• _Directions_
Write out the data exactly, please, and omit the pictures.
Data below Block Start
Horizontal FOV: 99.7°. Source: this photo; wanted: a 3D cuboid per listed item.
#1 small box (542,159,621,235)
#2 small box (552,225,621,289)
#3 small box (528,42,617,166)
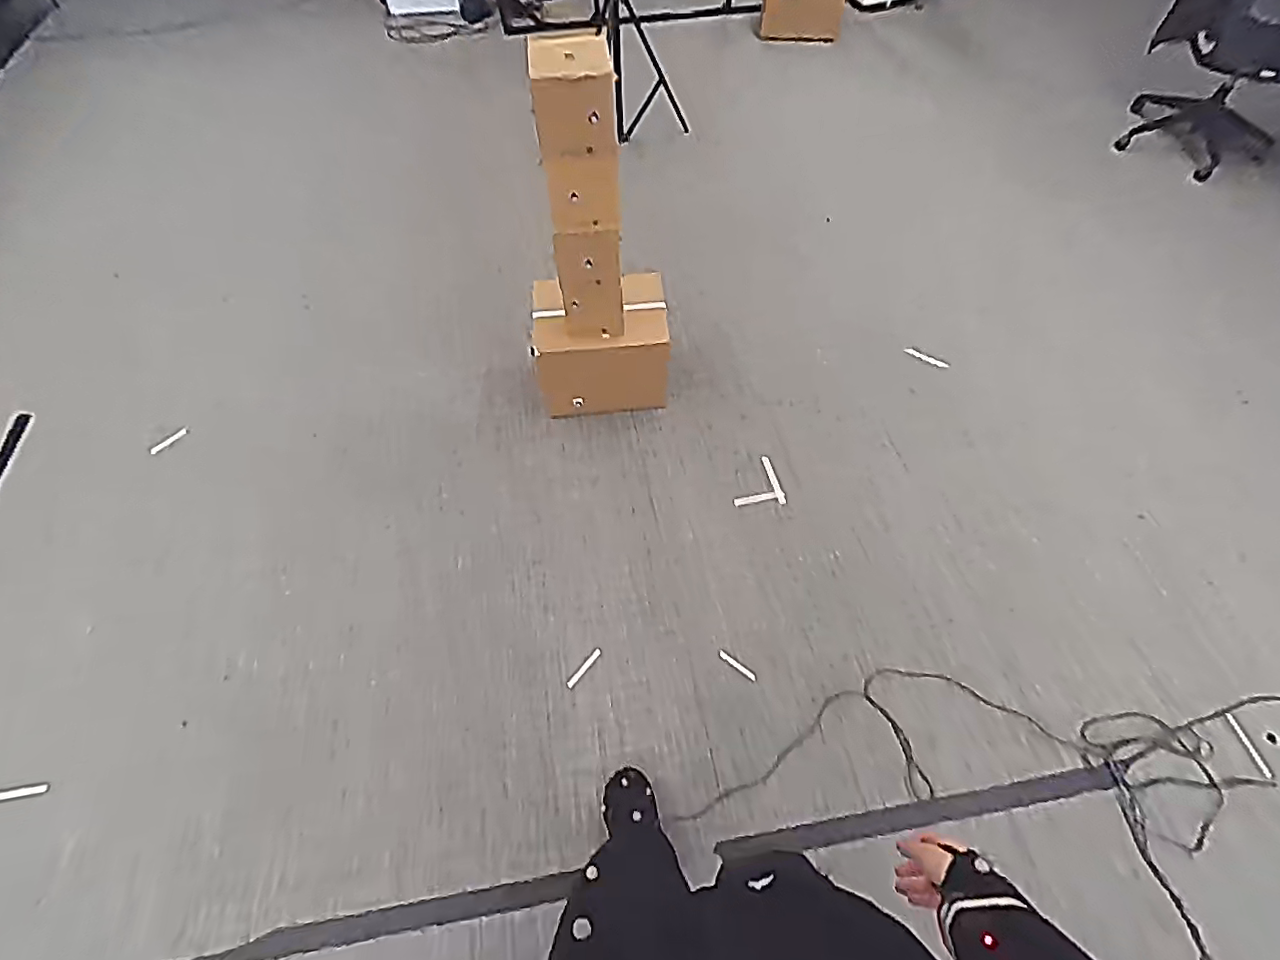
Data below Block End
• _Response to this task_
Horizontal FOV: 99.7°. Source: this photo; wanted: a 3D cuboid per listed item.
#1 small box (542,159,621,235)
#2 small box (552,225,621,289)
#3 small box (528,42,617,166)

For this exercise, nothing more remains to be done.